**EXERCISE AIM**
Omit all pictures. Print the remaining lines exactly, from the start of the data through the line containing "doc.units = 0".

**Items from a dataset**
————

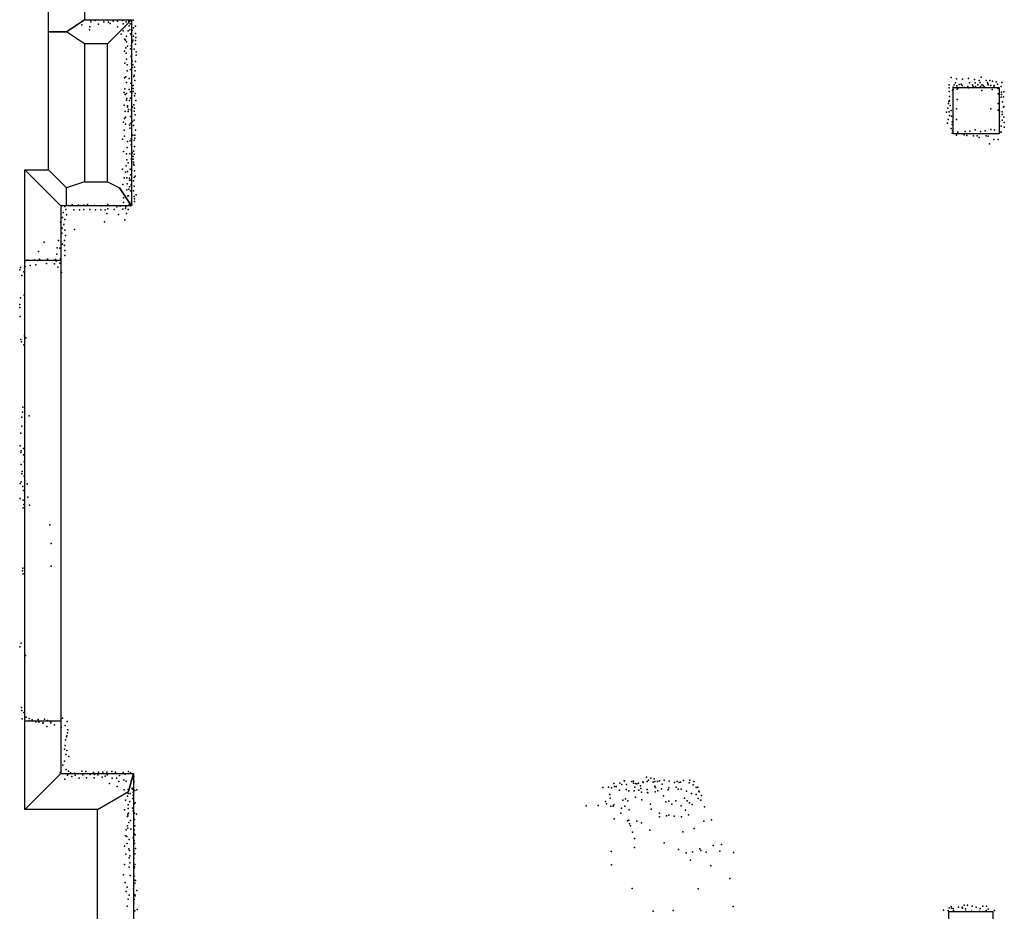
# Model space of a CAD drawing. Extents: x 16260 to 30057, y -26773 to 17812.
# Tile 3 of 12: x 16260 to 21176, y -21488 to -17037. Entities that reach past the tile are written whole.
import ezdxf

# ---------------------------------------------------------------- set-up
doc = ezdxf.new("R2010")
doc.units = 0
for name, color, linetype in [('P', 9, 'continuous'), ('ROOMS', 1, 'continuous'), ('WALLS', 3, 'continuous'), ('WINDOWS', 6, 'continuous')]:
    doc.layers.add(name, color=color, linetype=linetype)

msp = doc.modelspace()

# ---------------------------------------------------------------- linework, layer by layer
at = {"layer": 'P'}
for p in [(16615, -17047), (16616, -17040), (16637, -17042), (16680, -17048), (16700, -17039), (16703, -17049), (16712, -17056), (16726, -17045), (16748, -17045), (16774, -17041), (16776, -17057), (16792, -17047), (16805, -17045), (16811, -17057), (16827, -17040), (16570, -17063), (16608, -17087), (16610, -17072), (16654, -17060), (16749, -17073), (16777, -17092), (16785, -17072), (16802, -17092), (16807, -17067), (16807, -17067), (16810, -17088), (16821, -17089), (16829, -17078), (16838, -17070), (16838, -17106), (16766, -17109), (16784, -17134), (16789, -17139), (16793, -17119), (16794, -17147), (16814, -17108), (16818, -17115), (16823, -17147), (16825, -17139), (16828, -17119), (16838, -17141), (16840, -17126), (16784, -17194), (16790, -17177), (16792, -17205), (16799, -17170), (16813, -17182), (16817, -17167), (16831, -17185), (16838, -17159), (16841, -17197), (16785, -17255), (16794, -17234), (16817, -17220), (16817, -17222), (16822, -17243), (16839, -17246), (16842, -17214), (16796, -17262), (16797, -17292), (16814, -17286), (16818, -17257), (16821, -17276), (16825, -17262), (16833, -17274), (16836, -17292), (16783, -17327), (16790, -17322), (16793, -17351), (16806, -17330), (16830, -17321), (16831, -17314), (16835, -17341), (20910, -17326), (20933, -17353), (20938, -17333), (20968, -17334), (20998, -17331), (21003, -17352), (21027, -17335), (21030, -17352), (21051, -17341), (21055, -17350), (21060, -17324), (21085, -17340), (21092, -17350), (21104, -17340), (21117, -17344), (21136, -17348), (21164, -17351), (16781, -17401), (16785, -17382), (16807, -17386), (16813, -17398), (16815, -17354), (16826, -17366), (16826, -17381), (16827, -17395), (20900, -17363), (20900, -17396), (20901, -17378), (20918, -17390), (20920, -17374), (20921, -17386), (20925, -17362), (20939, -17368), (20940, -17384), (20944, -17380), (20950, -17361), (20961, -17359), (20965, -17366), (20978, -17376), (20994, -17371), (20998, -17377), (21017, -17363), (21020, -17371), (21033, -17370), (21043, -17363), (21057, -17370), (21063, -17362), (21063, -17391), (21071, -17365), (21076, -17372), (21094, -17357), (21096, -17362), (21108, -17366), (21116, -17385), (21124, -17370), (21126, -17365), (21142, -17359), (21144, -17381), (21148, -17381), (21161, -17370), (21162, -17399), (21173, -17397), (21174, -17397), (16786, -17411), (16793, -17405), (16794, -17439), (16795, -17430), (16809, -17441), (16813, -17429), (16820, -17406), (16833, -17418), (16837, -17406), (16840, -17440), (20899, -17445), (20902, -17440), (20903, -17420), (20940, -17435), (21146, -17407), (21160, -17424), (21162, -17410), (21167, -17447), (21172, -17423), (16782, -17464), (16786, -17495), (16798, -17467), (16798, -17474), (16802, -17496), (16804, -17485), (16817, -17488), (16818, -17483), (16824, -17472), (16830, -17463), (16831, -17494), (16833, -17479), (20887, -17498), (20894, -17478), (20898, -17456), (20900, -17497), (20905, -17466), (20911, -17491), (20937, -17482), (21109, -17482), (21146, -17455), (21146, -17489), (21149, -17456), (21152, -17494), (21166, -17497), (21172, -17473), (21174, -17471), (16778, -17548), (16784, -17530), (16788, -17523), (16814, -17520), (16824, -17545), (16832, -17539), (16836, -17512), (20895, -17536), (20902, -17515), (20913, -17518), (20915, -17547), (20938, -17535), (21152, -17520), (21152, -17546), (21165, -17538), (21166, -17510), (21173, -17524), (21175, -17550), (16782, -17589), (16788, -17559), (16809, -17564), (16810, -17578), (16814, -17556), (16828, -17565), (16839, -17588), (20892, -17553), (20910, -17580), (20916, -17560), (20917, -17590), (20944, -17598), (20980, -17596), (21004, -17593), (21030, -17587), (21057, -17595), (21080, -17592), (21109, -17585), (21127, -17587), (21153, -17599), (21160, -17568), (21160, -17598), (21176, -17574), (16774, -17633), (16784, -17619), (16798, -17646), (16812, -17642), (16816, -17632), (16825, -17613), (16831, -17639), (16835, -17614), (16835, -17629), (20915, -17604), (20938, -17614), (20975, -17612), (20989, -17615), (21023, -17617), (21041, -17617), (21050, -17625), (21086, -17617), (21096, -17619), (21123, -17635), (21145, -17635), (16778, -17695), (16796, -17675), (16817, -17662), (16828, -17694), (16834, -17670), (21102, -17657), (16794, -17706), (16795, -17736), (16810, -17707), (16817, -17732), (16821, -17702), (16826, -17733), (16827, -17720), (16832, -17708), (16774, -17784), (16791, -17767), (16798, -17795), (16801, -17752), (16811, -17784), (16815, -17785), (16820, -17789), (16828, -17758), (16829, -17749), (16832, -17764), (16834, -17791), (16781, -17826), (16788, -17798), (16795, -17826), (16809, -17828), (16809, -17839), (16812, -17838), (16814, -17812), (16829, -17841), (16832, -17825), (16836, -17819), (16775, -17860), (16795, -17887), (16796, -17856), (16805, -17883), (16809, -17872), (16814, -17891), (16816, -17861), (16819, -17869), (16829, -17892), (16832, -17868), (16778, -17927), (16800, -17916), (16803, -17916), (16832, -17919), (16834, -17932), (16841, -17911), (16485, -17969), (16491, -17985), (16502, -17964), (16522, -17961), (16530, -17986), (16553, -17963), (16558, -17986), (16580, -17963), (16581, -17984), (16599, -17960), (16610, -17985), (16634, -17964), (16639, -17987), (16665, -17967), (16665, -17987), (16687, -17987), (16688, -17966), (16700, -17960), (16700, -17981), (16731, -17985), (16732, -17964), (16745, -17971), (16762, -17968), (16775, -17983), (16779, -17949), (16789, -17980), (16790, -17971), (16801, -17984), (16804, -17946), (16807, -17960), (16813, -17967), (16819, -17945), (16820, -17961), (16834, -17945), (16473, -18025), (16477, -18000), (16485, -18035), (16493, -18012), (16695, -18004), (16753, -18009), (16785, -18036), (16794, -18005), (16464, -18048), (16472, -18078), (16481, -18060), (16485, -18088), (16534, -18084), (16684, -18047), (16453, -18140), (16471, -18103), (16484, -18139), (16489, -18115), (16383, -18148), (16447, -18176), (16461, -18178), (16474, -18157), (16484, -18164), (16301, -18237), (16334, -18236), (16354, -18194), (16359, -18232), (16399, -18233), (16439, -18235), (16445, -18208), (16463, -18231), (16485, -18215), (16486, -18190), (16260, -18286), (16264, -18274), (16286, -18246), (16288, -18269), (16313, -18264), (16341, -18261), (16353, -18240), (16394, -18254), (16434, -18256), (16442, -18242), (16451, -18272), (16460, -18253), (16270, -18315), (16281, -18296), (16468, -18299), (16264, -18426), (16282, -18412), (16261, -18459), (16261, -18474), (16262, -18519), (16284, -18612), (16291, -18626), (16266, -18634), (16269, -18646), (16281, -18661), (16275, -18972), (16271, -19022), (16274, -18996), (16308, -19014), (16270, -19067), (16265, -19102), (16263, -19164), (16266, -19198), (16268, -19189), (16279, -19178), (16279, -19209), (16267, -19257), (16282, -19245), (16270, -19304), (16273, -19292), (16283, -19316), (16262, -19353), (16267, -19344), (16275, -19367), (16286, -19339), (16298, -19354), (16279, -19387), (16262, -19427), (16277, -19435), (16281, -19458), (16300, -19421), (16309, -19460), (16277, -19474), (16411, -19559), (16417, -19652), (16274, -19788), (16276, -19775), (16277, -19803), (16417, -19765), (16267, -20150), (16261, -20168), (16289, -20211), (16269, -20471), (16270, -20485), (16280, -20496), (16273, -20527), (16292, -20519), (16307, -20525), (16308, -20537), (16323, -20532), (16341, -20543), (16352, -20531), (16355, -20544), (16377, -20548), (16384, -20529), (16399, -20536), (16415, -20547), (16416, -20541), (16473, -20524), (16497, -20541), (16375, -20549), (16395, -20565), (16433, -20558), (16467, -20571), (16487, -20560), (16499, -20597), (16500, -20582), (16488, -20632), (16494, -20617), (16495, -20613), (16484, -20679), (16487, -20661), (16496, -20685), (16484, -20739), (16490, -20705), (16506, -20715), (16475, -20759), (16492, -20780), (16504, -20788), (16571, -20789), (16590, -20791), (16654, -20793), (16675, -20794), (16695, -20794), (16720, -20791), (16738, -20794), (16803, -20790), (16462, -20795), (16486, -20828), (16499, -20809), (16500, -20805), (16513, -20797), (16521, -20816), (16533, -20799), (16537, -20808), (16557, -20824), (16575, -20807), (16594, -20822), (16612, -20806), (16613, -20802), (16628, -20796), (16632, -20822), (16634, -20806), (16650, -20807), (16671, -20818), (16686, -20814), (16697, -20807), (16721, -20823), (16744, -20823), (16755, -20841), (16759, -20810), (16776, -20795), (16780, -20833), (16786, -20803), (16791, -20839), (16813, -20797), (16817, -20835), (16829, -20829), (16830, -20815), (16832, -20842), (19278, -20837), (19280, -20837), (19316, -20840), (19324, -20838), (19371, -20842), (19390, -20819), (19393, -20841), (19399, -20833), (19412, -20824), (19422, -20843), (19428, -20827), (19431, -20841), (19445, -20841), (19455, -20837), (19477, -20834), (19503, -20839), (19543, -20840), (19574, -20836), (19606, -20834), (19626, -20840), (16708, -20850), (16746, -20865), (16782, -20882), (16801, -20881), (16822, -20874), (16824, -20879), (16835, -20885), (16845, -20882), (19171, -20870), (19200, -20868), (19215, -20872), (19227, -20851), (19229, -20865), (19238, -20866), (19254, -20884), (19257, -20848), (19266, -20855), (19288, -20880), (19289, -20856), (19302, -20886), (19324, -20848), (19328, -20886), (19332, -20869), (19334, -20851), (19342, -20852), (19349, -20848), (19352, -20883), (19359, -20862), (19361, -20875), (19373, -20845), (19393, -20880), (19431, -20863), (19432, -20892), (19435, -20871), (19446, -20887), (19464, -20877), (19467, -20853), (19497, -20882), (19501, -20872), (19529, -20846), (19537, -20869), (19547, -20879), (19553, -20845), (19560, -20844), (19563, -20879), (19589, -20889), (19603, -20847), (19622, -20857), (19638, -20870), (19645, -20868), (19651, -20888), (19652, -20891), (16789, -20933), (16799, -20913), (16802, -20900), (16810, -20940), (16812, -20900), (16825, -20925), (16826, -20894), (16826, -20909), (19185, -20940), (19206, -20905), (19208, -20923), (19271, -20934), (19285, -20926), (19297, -20937), (19335, -20919), (19365, -20894), (19366, -20932), (19394, -20895), (19396, -20897), (19474, -20911), (19486, -20942), (19501, -20938), (19536, -20937), (19579, -20923), (19592, -20936), (19614, -20900), (19638, -20905), (19648, -20925), (19661, -20934), (19664, -20910), (16784, -20982), (16801, -20956), (16802, -20975), (16824, -20974), (16827, -20987), (16831, -20952), (16836, -20946), (19089, -20961), (19149, -20960), (19189, -20951), (19211, -20963), (19223, -20964), (19226, -20956), (19264, -20974), (19282, -20963), (19303, -20981), (19409, -20953), (19413, -20979), (19516, -20954), (19563, -20962), (19584, -20983), (19605, -20946), (19617, -20955), (19679, -20966), (16798, -21015), (16800, -21003), (16800, -21011), (16803, -20998), (16814, -21035), (16833, -20999), (16834, -21030), (16844, -21004), (19228, -21027), (19261, -20998), (19295, -21036), (19302, -21034), (19341, -21039), (19454, -21017), (19455, -20999), (19490, -21011), (19501, -21009), (19528, -21013), (19565, -21016), (19600, -21006), (19676, -21038), (19714, -21032), (16791, -21081), (16798, -21061), (16800, -21073), (16805, -21045), (16815, -21078), (16832, -21082), (16835, -21062), (19305, -21052), (19309, -21061), (19365, -21047), (19407, -21084), (19628, -21075), (16789, -21112), (16795, -21115), (16807, -21130), (16826, -21122), (16831, -21100), (16832, -21134), (16836, -21107), (19319, -21093), (19329, -21125), (19571, -21092), (16783, -21163), (16797, -21150), (16805, -21177), (16809, -21184), (16830, -21187), (16833, -21150), (16838, -21174), (19330, -21170), (19478, -21147), (19549, -21179), (19655, -21177), (19660, -21185), (19722, -21160), (19764, -21155), (16790, -21203), (16806, -21221), (16810, -21212), (16830, -21223), (16835, -21201), (19213, -21190), (19587, -21196), (19610, -21233), (19619, -21191), (19687, -21193), (19755, -21188), (19824, -21195), (16783, -21255), (16806, -21268), (16810, -21247), (16832, -21275), (16833, -21266), (16835, -21255), (19215, -21256), (19711, -21261), (16778, -21306), (16811, -21310), (16831, -21333), (16832, -21313), (16838, -21334), (19805, -21325), (16787, -21345), (16797, -21368), (16828, -21374), (16835, -21348), (16845, -21384), (19318, -21374), (19648, -21376), (16791, -21389), (16801, -21428), (16806, -21408), (16831, -21430), (16835, -21406), (16837, -21411), (16797, -21463), (16830, -21451), (16847, -21479), (19822, -21464), (20872, -21482), (20900, -21471), (20911, -21464), (20912, -21473), (20920, -21475), (20948, -21467), (20965, -21467), (20968, -21472), (20975, -21457), (20983, -21476), (20992, -21458), (21015, -21463), (21036, -21467), (21056, -21475), (21069, -21462), (21087, -21462), (21096, -21477), (16835, -21486), (19422, -21488), (19522, -21485), (20896, -21486), (20922, -21484), (20984, -21487), (21013, -21488), (21052, -21488), (21085, -21485), (21086, -21488), (21127, -21485)]:
    msp.add_point(p, dxfattribs=at)
at = {"layer": 'ROOMS'}
for points in [[(16584.1, -5047.5), (16584.1, -8418.6), (16817.8, -8418.6), (16817.8, -9298.5), (16584.1, -9298.5), (16584.1, -12742.4), (16817.8, -12742.4), (16817.8, -13618.9), (16584.1, -13618.9), (16584.1, -17037.3), (16817.8, -17037.3), (16817.8, -17966.4), (16494.1, -17966.4), (16465.3, -17966.4), (16465.3, -20799.5), (16828.8, -20799.5), (16828.8, -21849.3), (17056.3, -21849.3), (20659.4, -21849.3), (20659.4, -21783.6), (20899.3, -21783.6), (20899.3, -21488.5), (21119.3, -21488.5), (21119.3, -21783.6)], [(16584.1, -17157.3), (16584.1, -17846.4), (16697.8, -17846.4), (16697.8, -17157.3), (16584.1, -17157.3)]]:
    msp.add_lwpolyline(points, dxfattribs=at)
at = {"layer": 'WALLS'}
for points in [[(16584.1, -13618.9), (16584.1, -17037.3), (16494.1, -17097.3), (16404.1, -17097.3), (16404.1, -13558.9), (16494.1, -13558.9)], [(16697.8, -17157.3), (16584.1, -17157.3), (16494.1, -17097.3), (16584.1, -17037.3), (16817.8, -17037.3), (16757.8, -17097.3)], [(16697.8, -17846.4), (16697.8, -17157.3), (16757.8, -17097.3), (16817.8, -17037.3), (16817.8, -17966.4), (16757.8, -17876.4)], [(16584.1, -17157.3), (16584.1, -17846.4), (16494.1, -17876.4), (16404.1, -17786.4), (16404.1, -17097.3), (16494.1, -17097.3)], [(20920.9, -17376.3), (21150.9, -17376.3), (21150.9, -17606.3), (20920.9, -17606.3), (20920.9, -17376.3)], [(16494.1, -17966.4), (16465.3, -17966.4), (16375.3, -17876.4), (16285.3, -17786.4), (16404.1, -17786.4), (16494.1, -17876.4)], [(16465.3, -17966.4), (16465.3, -20799.5), (16375.3, -20889.5), (16285.3, -20979.5), (16285.3, -17786.4), (16375.3, -17876.4)], [(16584.1, -17846.4), (16697.8, -17846.4), (16757.8, -17876.4), (16817.8, -17966.4), (16494.1, -17966.4), (16494.1, -17876.4)], [(16648.8, -20979.5), (16285.3, -20979.5), (16375.3, -20889.5), (16465.3, -20799.5), (16828.8, -20799.5), (16803.8, -20889.5)], [(16648.8, -21940.7), (16648.8, -20979.5), (16803.8, -20889.5), (16828.8, -20799.5), (16828.8, -21849.3), (16803.8, -21940.7)]]:
    msp.add_lwpolyline(points, dxfattribs=at)
at = {"layer": 'WINDOWS'}
msp.add_lwpolyline([(16465.3, -18238.3), (16465.3, -20538.3), (16285.3, -20538.3), (16285.3, -18238.3), (16465.3, -18238.3)], dxfattribs=at)

doc.saveas('drawing.dxf')

————

**TASK SOLUTION**
# Model space of a CAD drawing. Extents: x 16260 to 30057, y -26773 to 17812.
# Tile 3 of 12: x 16260 to 21176, y -21488 to -17037. Entities that reach past the tile are written whole.
import ezdxf

# ---------------------------------------------------------------- set-up
doc = ezdxf.new("R2010")
doc.units = 0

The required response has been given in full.